Trump 10% global tariffs remain one of the most important trade-policy stories of 2026. President Donald Trump introduced the temporary import surcharge after the US Supreme Court rejected his earlier use of emergency powers. Yet the replacement measure has already faced a serious legal challenge of its own, leaving importers, trading partners and consumers with a complicated question: what tariffs are currently in force, and what could happen next?

Contents
Trump 10% Global Tariffs: The Critical Court Fight Reshaping US Trade PolicyWhy the Supreme Court rejected the earlier tariffsWhat Section 122 allows the president to doHow Trump 10% global tariffs work in practiceMajor exemptions from the temporary surchargeWhy Trump 10% global tariffs faced another court challengeThe two court cases are not the sameWhat happened to the earlier tariff revenue?Section 232 tariffs did not disappearSection 301 is becoming increasingly importantWhy the tariffs matter for consumers and businessesWhat happens before the July deadline?The bigger lesson from Trump 10% global tariffs

The first major turning point came on 20 February 2026, when the Supreme Court ruled that the International Emergency Economic Powers Act, commonly known as IEEPA, did not authorise the president to impose tariffs. Within hours, Trump announced a new approach. The administration imposed Trump 10% global tariffs under Section 122 of the Trade Act of 1974, a separate law that permits temporary import restrictions in response to specified international-payment problems.

The new surcharge took effect on 24 February. It was designed to last for 150 days, ending on 24 July unless Congress extended it or the administration changed course earlier. However, a divided US Court of International Trade ruled on 7 May that the Section 122 proclamation was not justified under the law. The court granted relief only to two private importers and the State of Washington. The administration appealed, and an appeals court temporarily paused that limited relief.
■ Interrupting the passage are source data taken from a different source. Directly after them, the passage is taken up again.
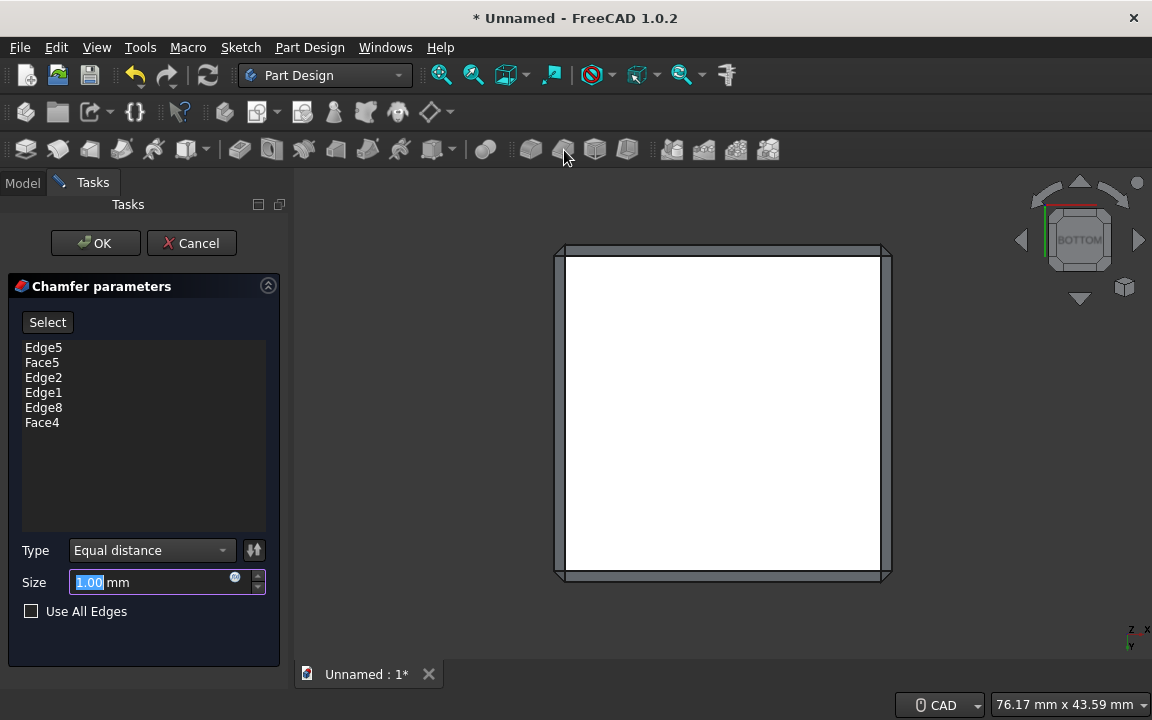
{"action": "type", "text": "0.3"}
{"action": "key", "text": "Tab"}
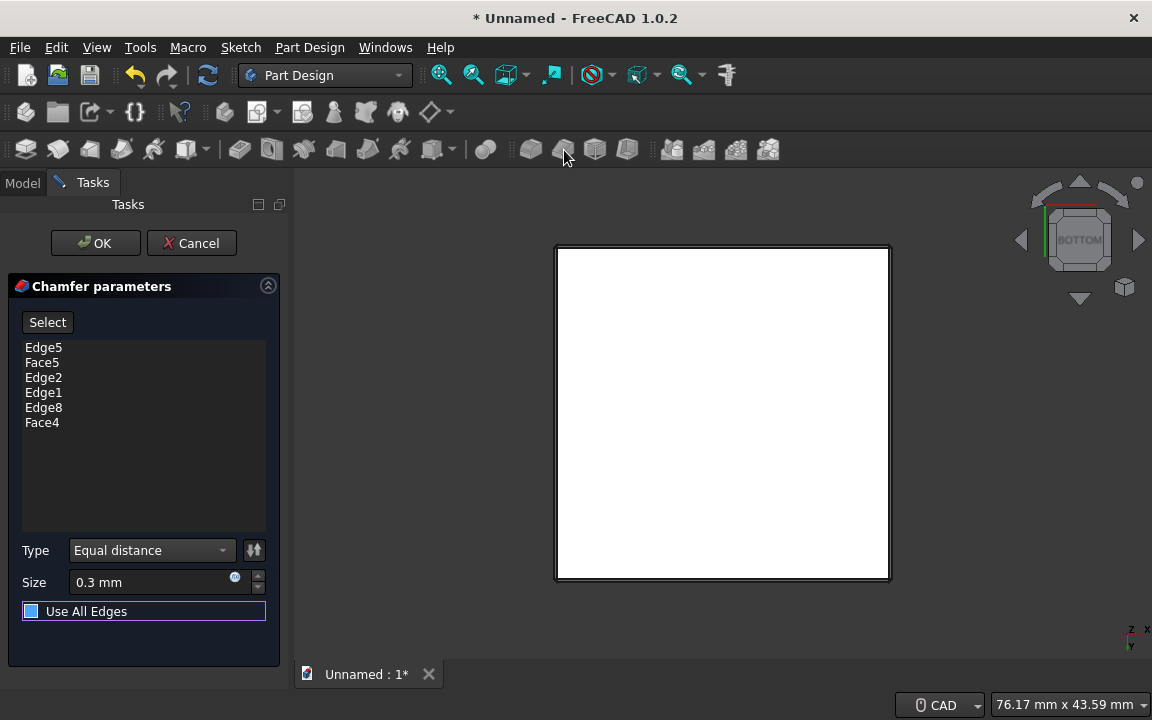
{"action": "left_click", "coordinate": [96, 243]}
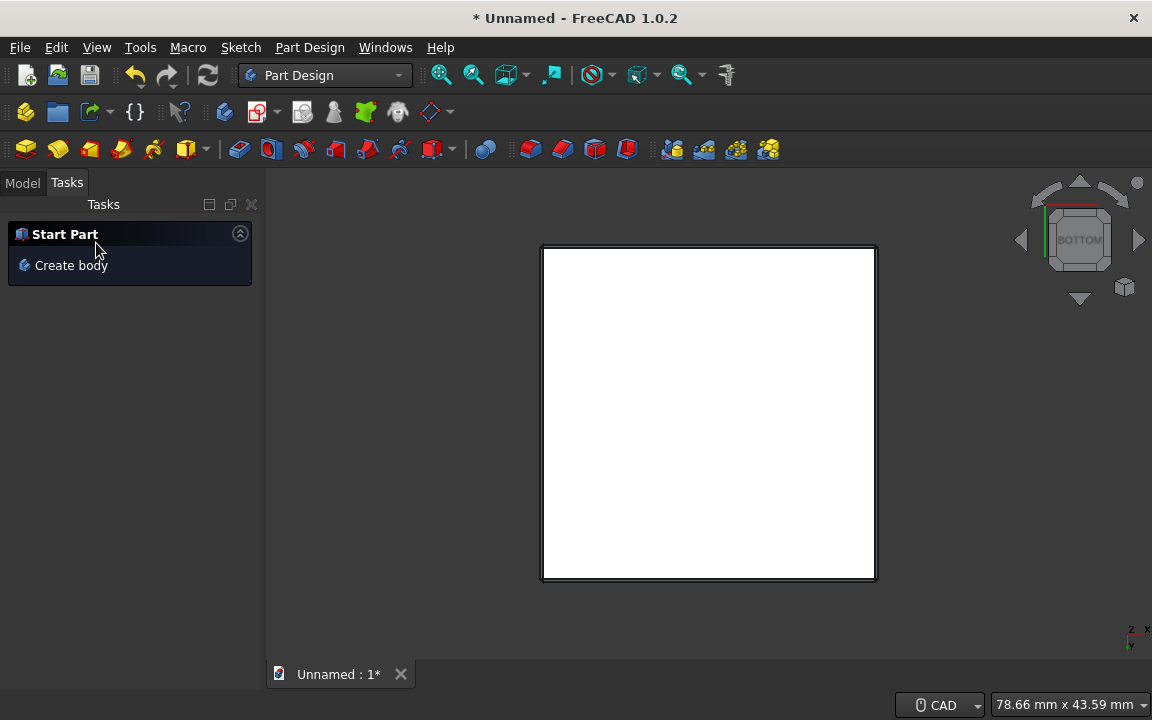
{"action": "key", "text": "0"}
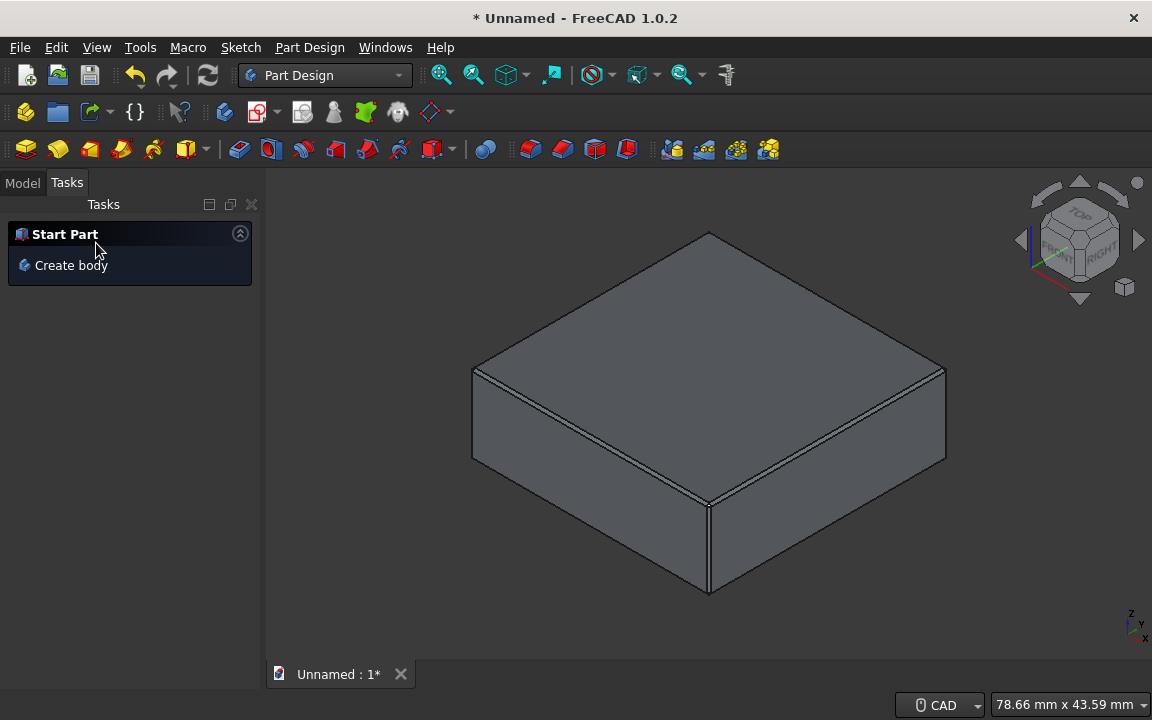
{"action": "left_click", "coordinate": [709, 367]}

As a result, Trump 10% global tariffs continued to apply to most affected importers as of early June.

This is no longer a simple story about one tariff announcement. It is a legal, economic and political struggle over presidential power, congressional authority, refund claims and the future structure of US trade policy.
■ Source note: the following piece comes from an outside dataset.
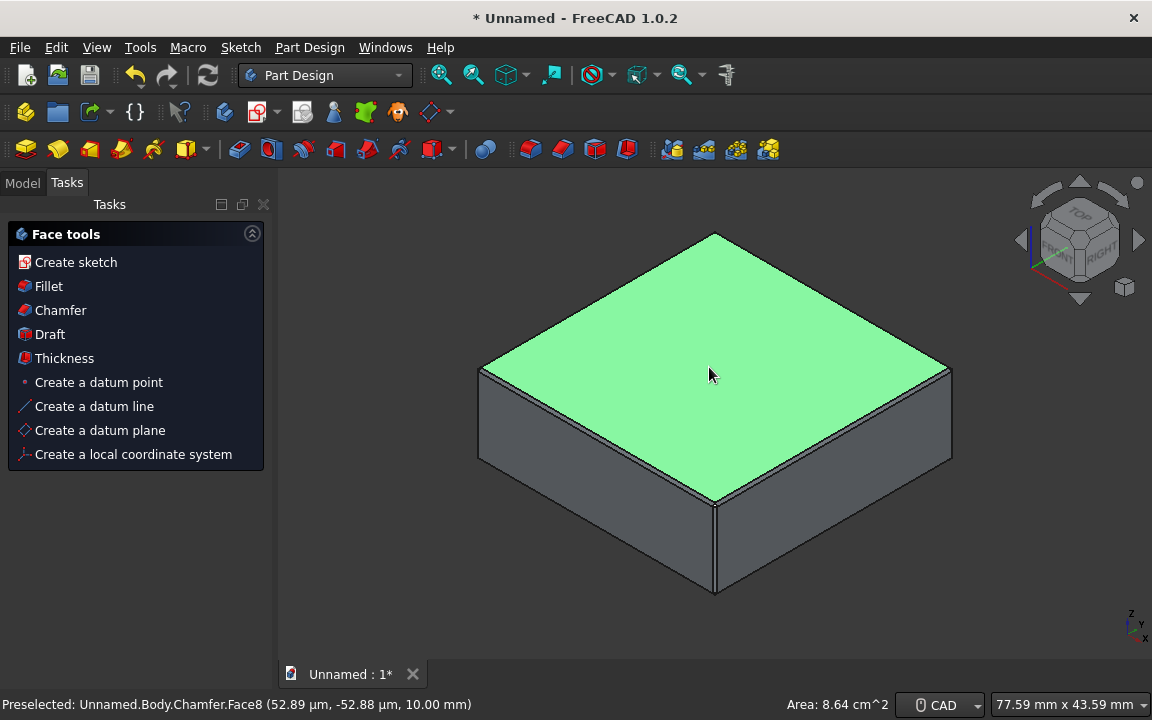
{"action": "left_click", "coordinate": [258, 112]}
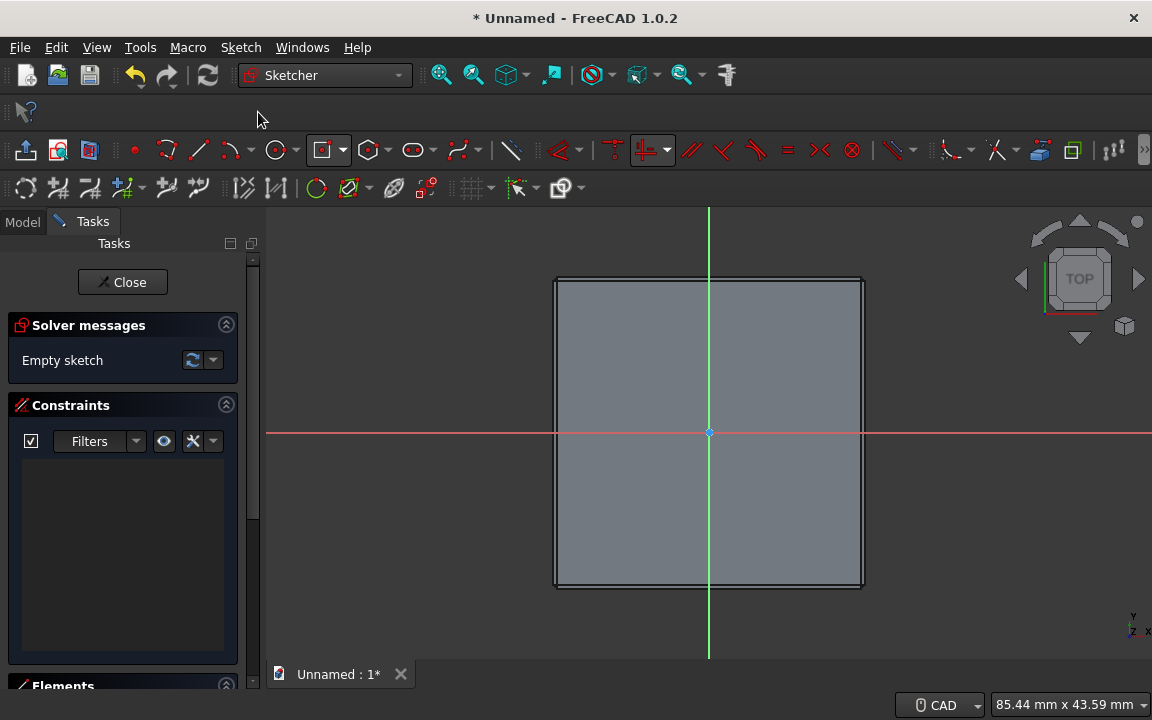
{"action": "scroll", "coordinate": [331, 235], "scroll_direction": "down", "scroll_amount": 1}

Editor’s update — 7 June 2026: This article has been rebuilt to include the Supreme Court ruling, the Section 122 replacement tariffs, the later Court of International Trade decision, the appeal, the IEEPA refund process and the latest Section 301 proposals.

Why the Supreme Court rejected the earlier tariffs

Before Trump 10% global tariffs were introduced, the administration relied heavily on IEEPA. Trump had used the 1977 emergency-powers law to impose tariffs connected to fentanyl trafficking and to introduce broader “reciprocal” tariffs affecting imports from many countries.

The Supreme Court’s decision in Learning Resources, Inc. v. Trump held that IEEPA does not authorise the president to impose tariffs. The Court emphasised that the Constitution gives Congress the power to lay and collect taxes, duties, imposts and excises. The majority rejected the administration’s argument that IEEPA’s power to “regulate” importation allowed the president to impose tariffs of potentially unlimited amount and duration.

The ruling was important, but it did not eliminate every tariff introduced during Trump’s second term. It invalidated the tariffs imposed under IEEPA. Other duties imposed under different statutes, including some national-security tariffs under Section 232 of the Trade Expansion Act of 1962, were not automatically cancelled.

That distinction explains why the administration moved quickly. Trump 10% global tariffs were not a continuation of the same IEEPA orders. They were a replacement measure created under a different statute with its own limits and legal requirements.

What Section 122 allows the president to do

Section 122 is part of the Trade Act of 1974. The official US Code text allows temporary import surcharges of up to 15% for a period not exceeding 150 days unless Congress passes legislation extending the measure.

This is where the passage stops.